¿Por qué es tan complicado gustarle a alguien? No lo digo por el hecho de que hoy en día es difícil enamorarse... O al menos para mí, lo digo por el hecho de que las cosas no me salen para nada bien. Pero de los errores se aprende. Espero aprender algún día y salir de este bucle que yo misma cree.
Carlos... Carlos es un chico que veo en los pasillos de mi escuela. Lo miro a la distancia intentando no destacar, intentando ser invisible ante sus ojos, pero eso es algo que no se me da muy bien debido a mi personalidad.
Un día, sin darme cuenta me senté a su lado, no supe que hacer, entre en pánico y lo único que se me ocurrio fue esconderme en mi celular. Tal vez haciéndome la interesante o tal vez solo intentando distraerme. A este punto no sé porqué reaccione así. Una de sus compañeras de clase se acerca y comienzan a hablar. Yo en silencio decido ponerme los audífonos, pues no quería pasar por chismosa o al menos creía que el podría pensar eso.
Luego de unos minutos de incomodidad por mi parte, decido levantarme e irme a mi salón en donde estaba mi maestro favorito. Decidí hablarle para así pasar un poco los nervios.
Pasaron los días y mi rutina era la misma; salir de clases, ir al pasillo y sentarme, observarlo pasar junto a sus amigos.
No tenía el suficiente coraje para ir a hablarle. Por más que trate de acercarme, cada intento terminaba en fracaso y arrepentimiento. Planeaba cuidadosamente cada movimiento que debía hacer, pero a la hora de verlo en los pasillos, me arrepentía. Llegaba a mi casa pensando en lo que podría pasar si me acercará, si le hablara.
Ya cuando me había resignado a no hacer nada al respecto, el se sienta a mi lado y entre miradas cruzadas me sonríe. Esa sonrisa hizo darme cuenta de que en realidad, por más pena que tuviera, quería hablarle, quería conocerle. Apenada estaba decidida a acercarme, a tomar la iniciativa.
Cuándo ya era hora de salir e irnos a casa, decidí anotar mi número en un papel junto a mi nombre. Espere en el pasillo de una forma disimulada a que el pasará. Una vez le vi, me levante y me dirigí a donde el estaba.
Dando torpes pasos me acerco por su espalda. -Oye-. Digo con nervios.

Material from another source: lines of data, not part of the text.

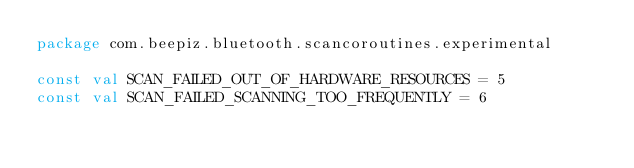<code> <loc_0><loc_0><loc_500><loc_500><_Kotlin_>package com.beepiz.bluetooth.scancoroutines.experimental

const val SCAN_FAILED_OUT_OF_HARDWARE_RESOURCES = 5
const val SCAN_FAILED_SCANNING_TOO_FREQUENTLY = 6
</code> 
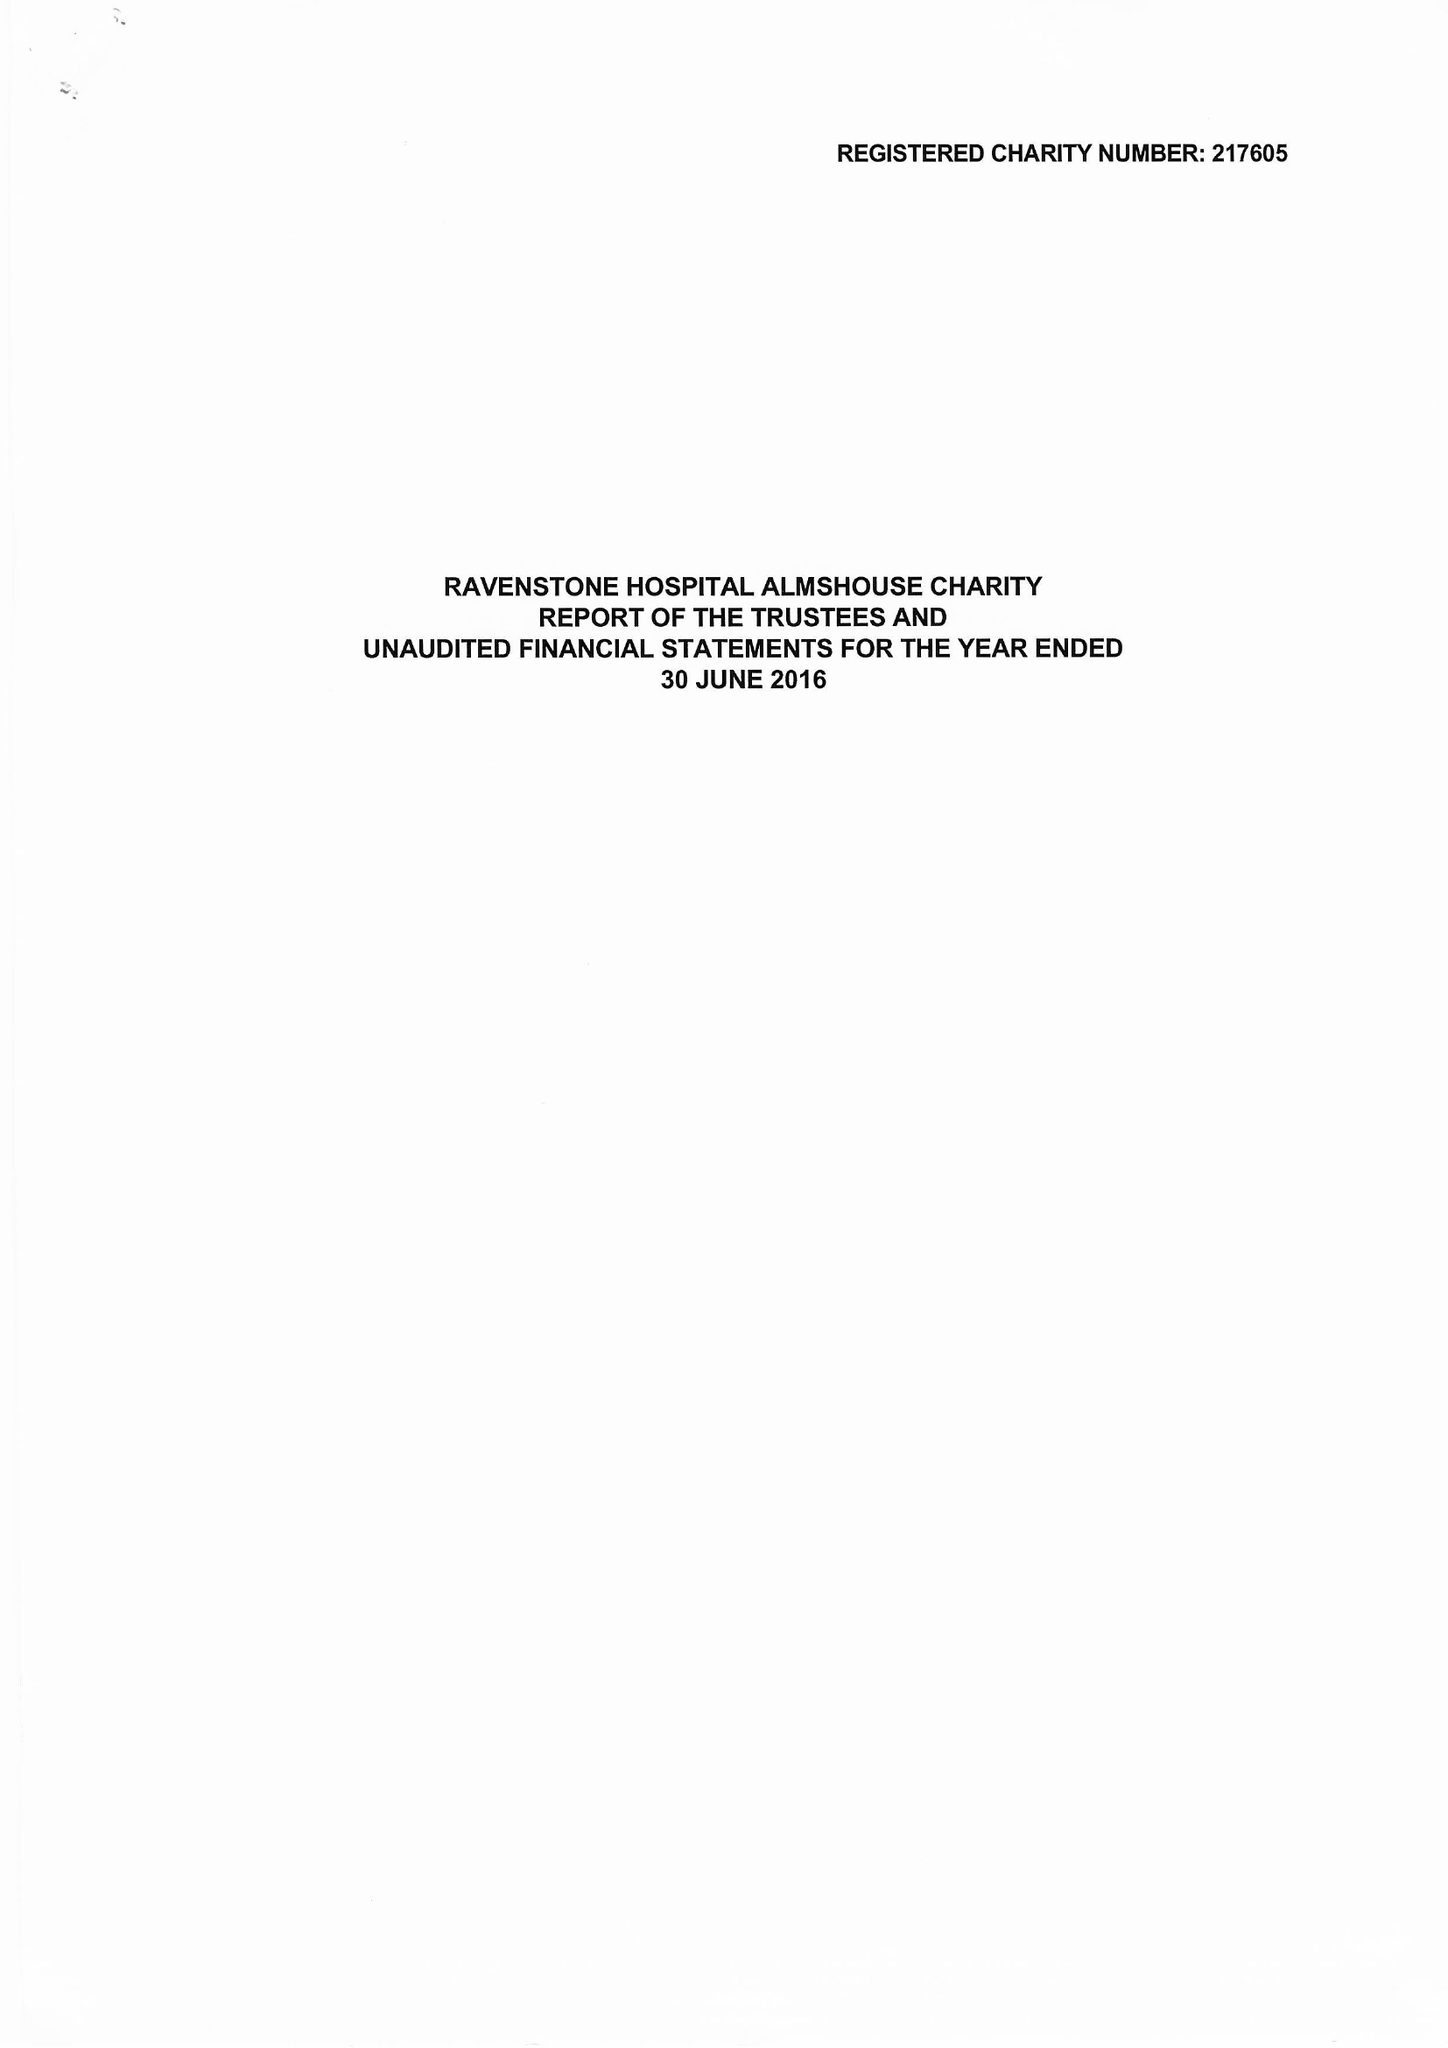What is the value for the spending_annually_in_british_pounds?
Answer the question using a single word or phrase. 296425.00 
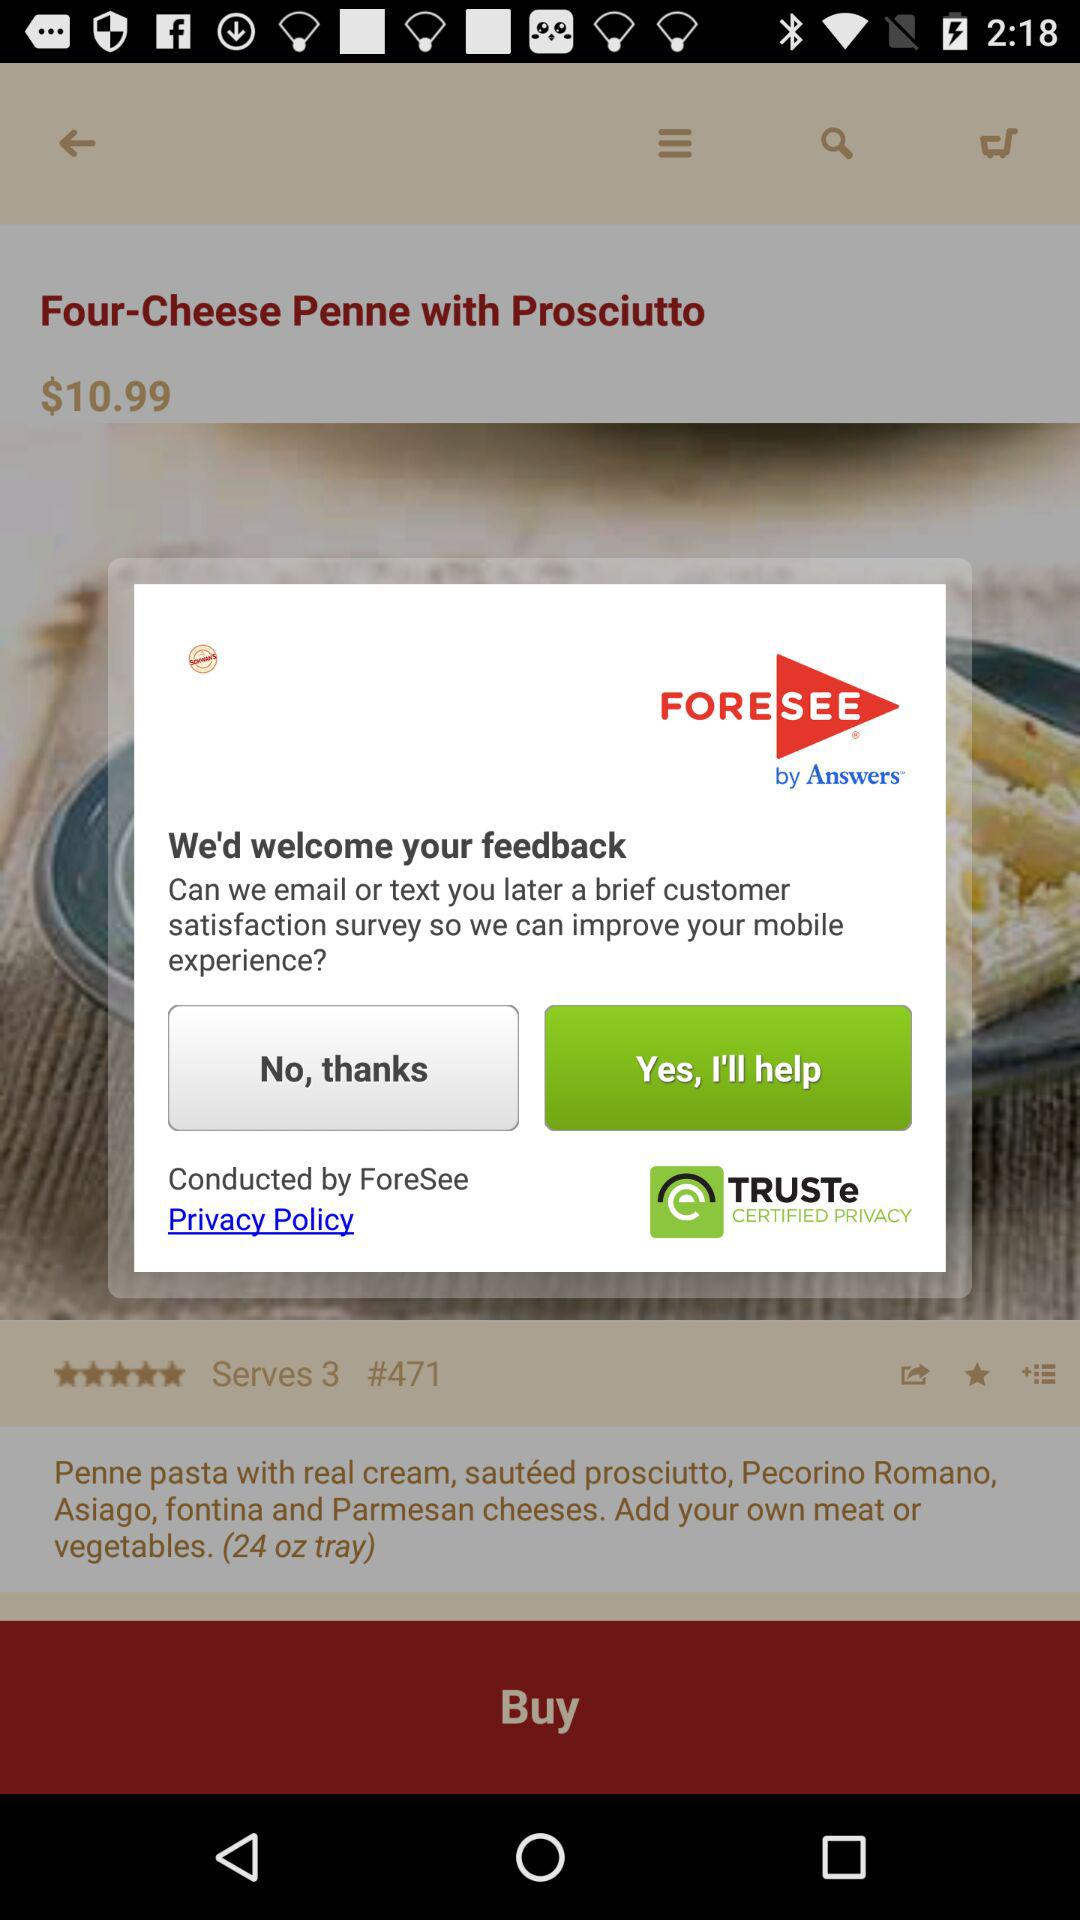What is the price of the Four-Cheese Penne with Prosciutto? The price of the Four-Cheese Penne with Prosciutto is $10.99. 
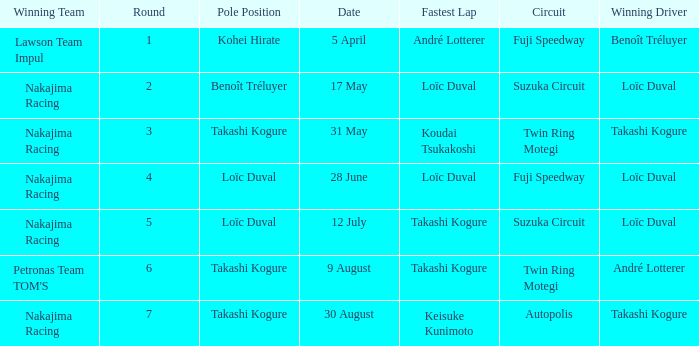What was the earlier round where Takashi Kogure got the fastest lap? 5.0.

El un poco desconcertado se da media vuelta dirigiendo su mirada hacia mi. Con nervios decido entregarle el papel y decirle que me gustaría conocerle. El abre el papel y revisa cuidadosamente si contenido. Me sonríe y llamándome por mi nombre me dice "mucho gusto". Tan solo fueron dos palabras, pero fueron dos palabras que hicieron que mis esperanzas de hablar con él incrementarán.
Decidí irme a casa después de hacerle entrega de mi número, pero mientras caminaba no podía parar de arrepentirme y preguntarme porque había hecho eso. Desee que no me escribiera y que simplemente se deshiciera de mi número, al fin y al cabo, sería más fácil ser rechazada de esa forma, pero no fue así, pues al cabo de un rato recibo un mensaje de un número desconocido.
Entre al mensaje y al ver la foto de perfil pude comfirmar que era el. Sonreí inmediatamente, pero, aunque estaba emocionada, decidí esperar un momento para responderle, pues no quería lucir desesperada.
Esperé por 10 minutos antes de responderle. Había olvidado preguntarle su nombre, así que decidí iniciar la conversación así.
Me responde diciéndome su nombre, Carlos. Luego de eso sus respuestas fueron cortantes, aparte tardaba en responder. Eso me hizo preguntar si había hecho algo mal. Decidí simplemente dejar de responderle, no quería incomodarle o darle una mala imagen de mi. Creí que hablarle en persona iba a ser mejor que hablarle por chat.
Al día siguiente, no pude aguantar las ganas de hablarle, pero como no había clases, decidí enviarle un mensaje. Lo salude y pregunte como había ido su día, pero pasaron una... Dos... Cuatro... Siete horas... No hubo respuesta. Creí que tal vez estaba ocupado, pero hice algo que uno nunca debería hacer, revisar si esta en línea. Entre a su chat "en línea" esperé... Nada. Decidí salir del chat, un poco desilusionada pensé que tal vez estaría ocupado, pero al volver a entrar veo que ha publicado no uno, sino varios estados. Ahí me di cuenta de que en realidad no quería hablar conmigo. El tenía cero interés en mi... Entonces ¿para que escribirme en primer lugar? Hubiera preferido ser rechazada sin que me hubiera escrito a que me hubiera hecho a la idea de que tal vez podríamos llegar a entablar una buena conversación. Ahí me di cuenta de que tal vez nunca podría salir de este bucle de rechazos.